Tue | Jan 28, 2020

UK’s Johnson claims Brexit mandate as Tories secure majority

Published:Friday | December 13, 2019 | 6:56 AM
Britain's Prime Minister and Conservative Party leader Boris Johnson holds his dog Dilyn as he leaves after voting in the general election at Methodist Central Hall, Westminster, London, Thursday, December 12, 2019. (AP Photo/Frank Augstein)

LONDON (AP) — Prime Minister Boris Johnson’s Conservative Party has won a thumping majority of seats in Britain’s Parliament — a decisive outcome to a Brexit-dominated election that should allow Johnson to fulfil his plan to take the UK out of the European Union next month.

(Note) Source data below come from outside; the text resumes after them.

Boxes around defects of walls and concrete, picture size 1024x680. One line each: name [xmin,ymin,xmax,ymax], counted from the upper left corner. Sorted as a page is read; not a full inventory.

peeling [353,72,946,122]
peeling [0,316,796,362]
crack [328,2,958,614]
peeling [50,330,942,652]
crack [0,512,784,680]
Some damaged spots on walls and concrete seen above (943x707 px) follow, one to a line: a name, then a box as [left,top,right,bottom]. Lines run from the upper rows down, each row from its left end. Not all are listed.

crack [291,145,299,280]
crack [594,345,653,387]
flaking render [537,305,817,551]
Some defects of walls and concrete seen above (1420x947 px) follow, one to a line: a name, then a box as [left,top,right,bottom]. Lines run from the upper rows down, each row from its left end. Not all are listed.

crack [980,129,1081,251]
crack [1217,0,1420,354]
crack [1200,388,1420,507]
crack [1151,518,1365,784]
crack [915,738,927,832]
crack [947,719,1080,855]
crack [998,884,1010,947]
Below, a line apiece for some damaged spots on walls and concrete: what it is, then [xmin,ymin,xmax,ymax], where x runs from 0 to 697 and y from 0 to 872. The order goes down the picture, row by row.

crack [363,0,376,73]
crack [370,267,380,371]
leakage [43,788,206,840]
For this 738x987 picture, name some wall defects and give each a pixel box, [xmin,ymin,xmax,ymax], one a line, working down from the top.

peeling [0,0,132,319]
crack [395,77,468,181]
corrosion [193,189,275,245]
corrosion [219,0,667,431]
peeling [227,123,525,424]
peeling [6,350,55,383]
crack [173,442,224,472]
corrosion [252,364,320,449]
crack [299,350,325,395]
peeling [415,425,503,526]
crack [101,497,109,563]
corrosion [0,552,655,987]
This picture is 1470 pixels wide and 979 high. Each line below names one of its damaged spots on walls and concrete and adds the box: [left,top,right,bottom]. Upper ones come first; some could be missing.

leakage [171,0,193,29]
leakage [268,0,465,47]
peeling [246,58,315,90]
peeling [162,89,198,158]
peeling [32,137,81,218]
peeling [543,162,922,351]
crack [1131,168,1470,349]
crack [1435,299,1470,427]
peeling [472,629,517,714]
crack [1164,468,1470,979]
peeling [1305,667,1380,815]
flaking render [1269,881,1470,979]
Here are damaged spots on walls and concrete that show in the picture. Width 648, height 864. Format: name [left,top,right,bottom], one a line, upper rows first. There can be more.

With 649 of the 650 results declared on Friday, the Conservatives had 364 seats and the main opposition Labour Party 203.

“We did it — we pulled it off, didn’t we?‘’ a jubilant Johnson told supporters. “We broke the gridlock, we ended the deadlock, we smashed the roadblock!”

A few hours later, Johnson was whisked to Buckingham Palace to meet with Queen Elizabeth II as part of the constitutional ritual of forming a new government.

He is the 14th prime minister to be asked by the monarch to form a government. 

Johnson’s victory paves the way for Britain’s departure from the European Union by January 31.

The victory makes Johnson the most electorally successful Conservative leader since Margaret Thatcher, another politician who was loved and loathed in almost equal measure.

It was a disaster for left-wing Labour leader Jeremy Corbyn, who faced calls for his resignation even as the results rolled in.

US President Donald Trump congratulated Johnson on Twitter, and said that “Britain and the United States will now be free to strike a massive new trade deal after Brexit.”

Corbyn called the result “very disappointing” for his party and said he would not lead Labour into another election, though he said he would lead a period of “reflection’’rather than quit immediately. 

Results poured in early Friday showing a substantial shift in support to the Conservatives from Labour.

In the last election in 2017, the Conservatives won 318 seats and Labour 262.